Não sei por quanto tempo eu cochilei. Fui despertada com um som diferente, parecia que algo se espalhava rapidamente pelo chão, como se fossem pequenas bolinhas rolando pelo carpete de madeira. Me forcei a abrir os olhos outra vez, mas o peso das pálpebras me impediam. O som ficou mais rápido e mais alto. Senti algo gelado em mexer em minha mão. Abri os meus olhos e me deparei com aqueles dois olhinhos de bolinha de gude me encarando no chão. Ele abanava o rabinho e ensaiava latir, mas o som ainda imaturo não saia direito. Peguei ele no colo, mesmo sabendo que minha mãe não queria que ele subisse na cama e o abracei.
— Bom dia pequeninho. Não acredito que você está mesmo aqui, pensei que estivesse sonhando — abracei tão forte que ele resmungou baixinho.

A viagem da noite anterior ainda estava na minha cabeça. Depois que meu pai me deu a caixinha dele, segurei no colo a viagem inteira. Ele dormiu enroladinho dentro da caixa o caminho inteiro e eu ficava verificando se estava tudo bem. Minha avó voltou a dormir depois da parada, mas eu não consegui.

— Como ele vai se chamar? — perguntei querendo ajuda
— Você quem tem que escolher o nome, ele é seu — minha mãe respondeu
— Billy! Será Billy.

Ri baixo ao lembrar em como escolhi o nome. Não foi muito criativo, no meu livro de inglês tem alguns personagens e o principal se chama Billy. Achei que seria um bom nome para o filhote.

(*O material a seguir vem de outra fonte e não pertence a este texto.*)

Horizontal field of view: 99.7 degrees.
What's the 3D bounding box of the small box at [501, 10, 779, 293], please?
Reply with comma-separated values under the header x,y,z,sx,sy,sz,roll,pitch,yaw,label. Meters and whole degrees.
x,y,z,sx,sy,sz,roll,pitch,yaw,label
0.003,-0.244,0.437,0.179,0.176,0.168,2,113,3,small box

Coloquei ele no chão e fui para a cozinha. Minha mãe ficou surpresa em ver que eu levantei sozinha.
— Acordou cedo — comentou
— Um furacão passou pelo meu quarto — resmunguei ainda com sono, olhando para o Billy, que estava sentado embaixo da mesa.
— Bom, se ele vai te acordar na hora certa, já gostei dele.

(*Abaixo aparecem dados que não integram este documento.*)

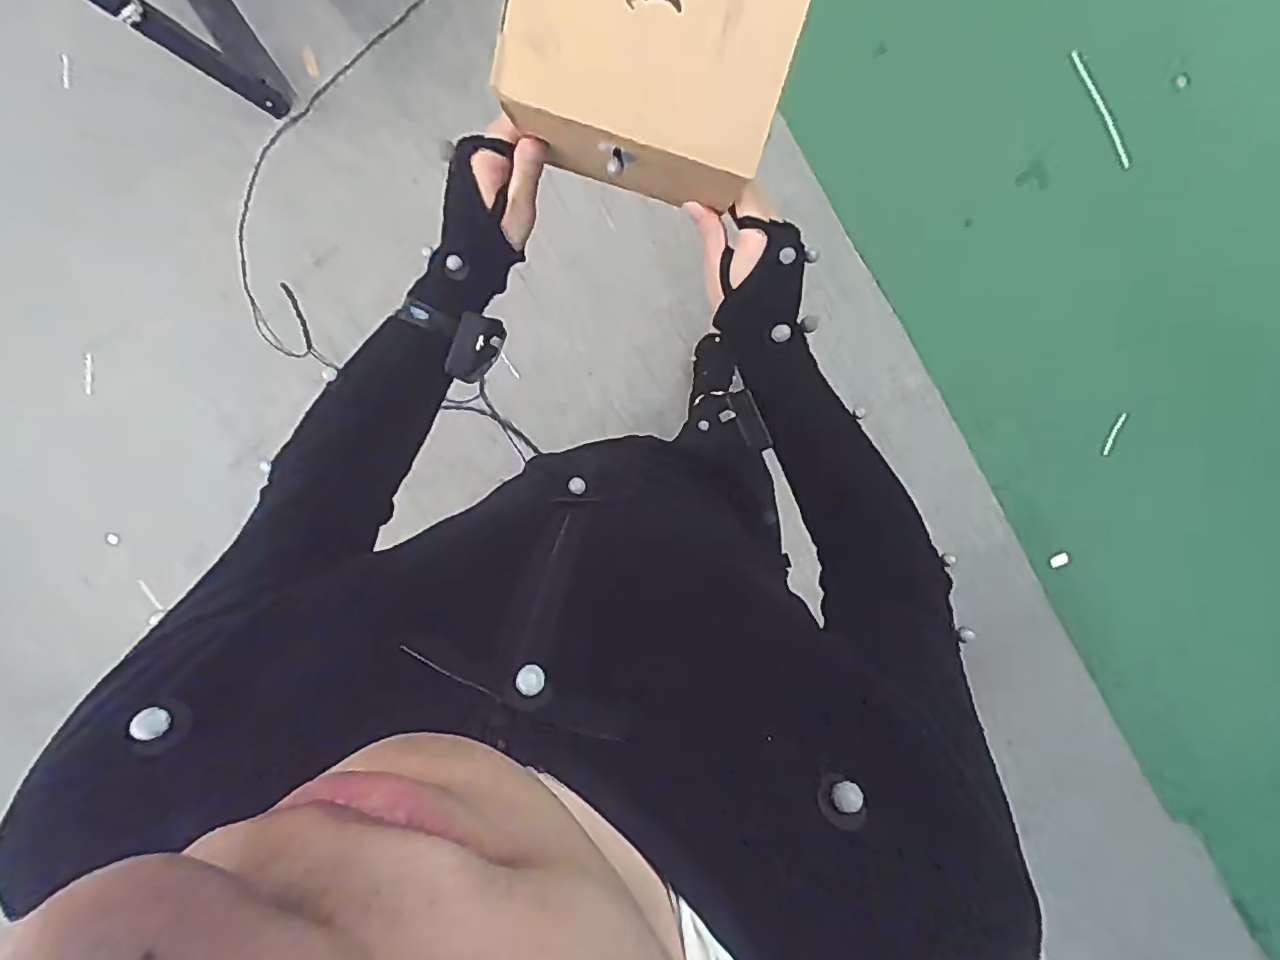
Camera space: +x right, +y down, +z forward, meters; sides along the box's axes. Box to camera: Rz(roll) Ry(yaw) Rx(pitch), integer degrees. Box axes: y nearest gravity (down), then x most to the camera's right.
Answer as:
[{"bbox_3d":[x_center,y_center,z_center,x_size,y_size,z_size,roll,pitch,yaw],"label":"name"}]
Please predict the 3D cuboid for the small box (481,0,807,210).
[{"bbox_3d":[0.011,-0.311,0.383,0.179,0.176,0.168,16,107,-4],"label":"small box"}]

Me troquei rápido com medo que meu pai me esquecesse em casa, ele estava indo para o trabalho mais cedo e minha mãe me apressou dizendo que eu ficaria no meio do caminho se não andasse mais rápido. Peguei o rolinho de cartolina que eu precisava levar para a escola e enganchei na alça da mochila. Sai puxando a mala de rodinha com tanta pressa que quase levei a mobília da mamãe junto. Dei um beijo nela e fui até a porta, meu pai já estava no carro.
Olhei para baixo e os dois olhinhos negros me encaravam. Billy pulou, apoiando as patinhas dianteiras na mochila. Ele tentava subir em cima dela. O rabinho, sempre balançando, parecia um espanador.

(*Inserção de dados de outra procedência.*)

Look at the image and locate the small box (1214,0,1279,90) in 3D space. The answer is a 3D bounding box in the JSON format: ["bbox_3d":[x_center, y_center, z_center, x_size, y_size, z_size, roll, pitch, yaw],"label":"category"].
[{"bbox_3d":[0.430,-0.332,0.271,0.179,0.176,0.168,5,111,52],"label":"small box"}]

— Hey pequenininho, eu não posso te levar comigo, mas prometo que volto logo.
Coloquei ele no chão e corri até o carro. Mamãe acenava da porta e Billy ficou sentado entre as pernas dela, olhando o carro partir. Pela primeira vez na minha pequena vida, eu não queria ir para a escola. Pensei que deveria ter inventado uma doença, usar o velho truque do secador na testa para dizer que estava com febre ou algo assim, eu só queria ficar em casa brincando com o meu novo bichinho.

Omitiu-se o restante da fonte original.